Остров летающих собак | страница 13




Кроме учебы и написаний научных рефератов у него появилось хобби, где отлично шлифовались полученные знания и пока еще неподтвержденные теории будущего ученого.


Старая жизнь была неимоверно далека. Вокруг стоял монотонный гул.

«Мясо! — закричал один из надсмотрщиков, — сегодня будет мясо! Тупые скоты, радуйтесь, вам повезло! Вас сегодня не будут выбирать на ужин! Будем есть чужаков!»

Непонимание сменилось ужасом — мы отчетливо ощутили отчаянье, что наша жизнь в земном измерении закончилась.

«Ату! — кричали надсмотрщики, — ату!» Собаки были спущены с цепи. И мы бросились бежать. Я первый, Слава за мной. Я убежал, а Славу схватили. Я слышал за спиной топот собачьих ног, крик друга, тупые удары и рычанье. Радуясь удаче, меня не стали преследовать, решив, что рано или поздно все равно поймают.


Коля бежал, сморкался слезами и потом, запинался и вздрагивал от страха, что сейчас тяжелые руки опустятся на его плечи.


В детстве Коля любил лазать по гаражам и заброшенным складам. Когда наступала зима, он играл в куча-мала с соседскими парнишками на крышах гаражей, борясь и сбрасывая побежденных вниз на мягкие сугробы снега — на Урале они достигали порой ни много, ни мало два метра. Летом пацаны ползали на крышах дворовых котельных и сараев, устраивая бесконечные совещания военного штаба и делая разметку секретной тропы. Когда детские годы закончились, Колька хотел сразу пойти в армию, но поступил неожиданно для всех в архитектурную академию. Там, в студенческой среде, легко реализовалась его тяга к приключениям — именно он и был одним из вдохновителей сталкерского движения «ДУМ».

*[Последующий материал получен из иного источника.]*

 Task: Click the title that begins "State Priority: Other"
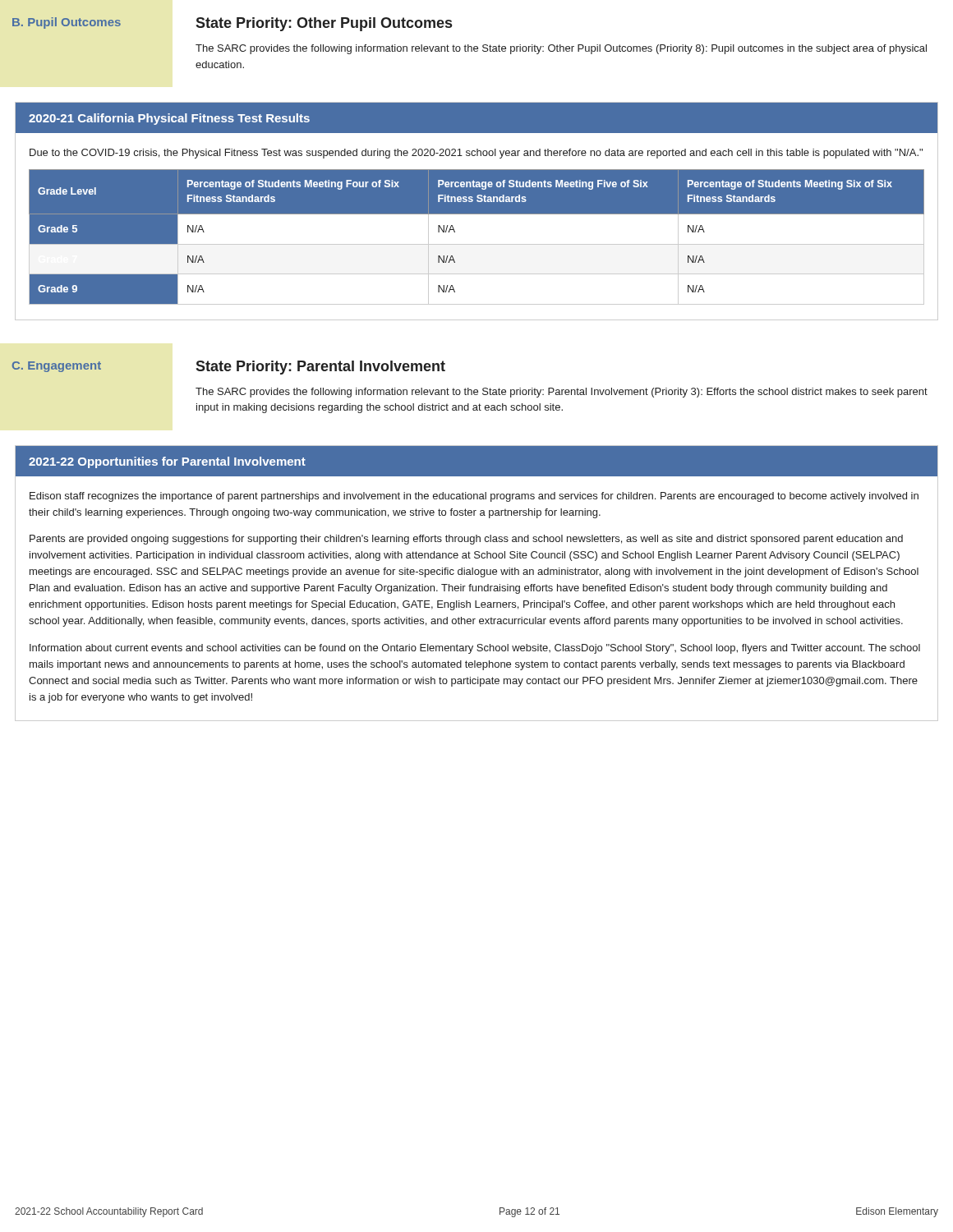tap(324, 23)

«Я виноват, только я, я завел их всех сюда», — ругал себя Коля, размазывая по лицу грязь. Он бежал назад, но путался, не помнил дорогу, сбивался; страх гнал его вперед, как уставшее животное с притупленными инстинктами. Коридор сменялся другим новым тоннелем, петлял в темноте, выводя его, тем не менее, мало-помалу, из подземного лабиринта. А вскоре он увидел свет — выход был в виде норы в холме. Коля быстро сориентировался, увидев телевышку, и побежал к дому, где был разбит лагерь, бормоча про себя, вскрикивая порой одни и те же слова: «Эти скоты поймали Славика! Эти твари убили моего друга! Славика съели!»


Мои мысли, парализованные страхом, остановились. Я не понимала, что в двадцать первом веке возможно невозможное, невообразимое. Увидеть Колю, грязного и трясущегося, судорожно дергающегося, с дикими безумными глазами — это было слишком. Первобытный яркий и коварный страх лазейками пробирался внутрь меня, заставляя сжиматься каждый миллиметр тела. Холод страха проникал глубже, дальше в мозг, чтобы добраться до моей сущности и полностью проглотить, сожрать меня без остатка.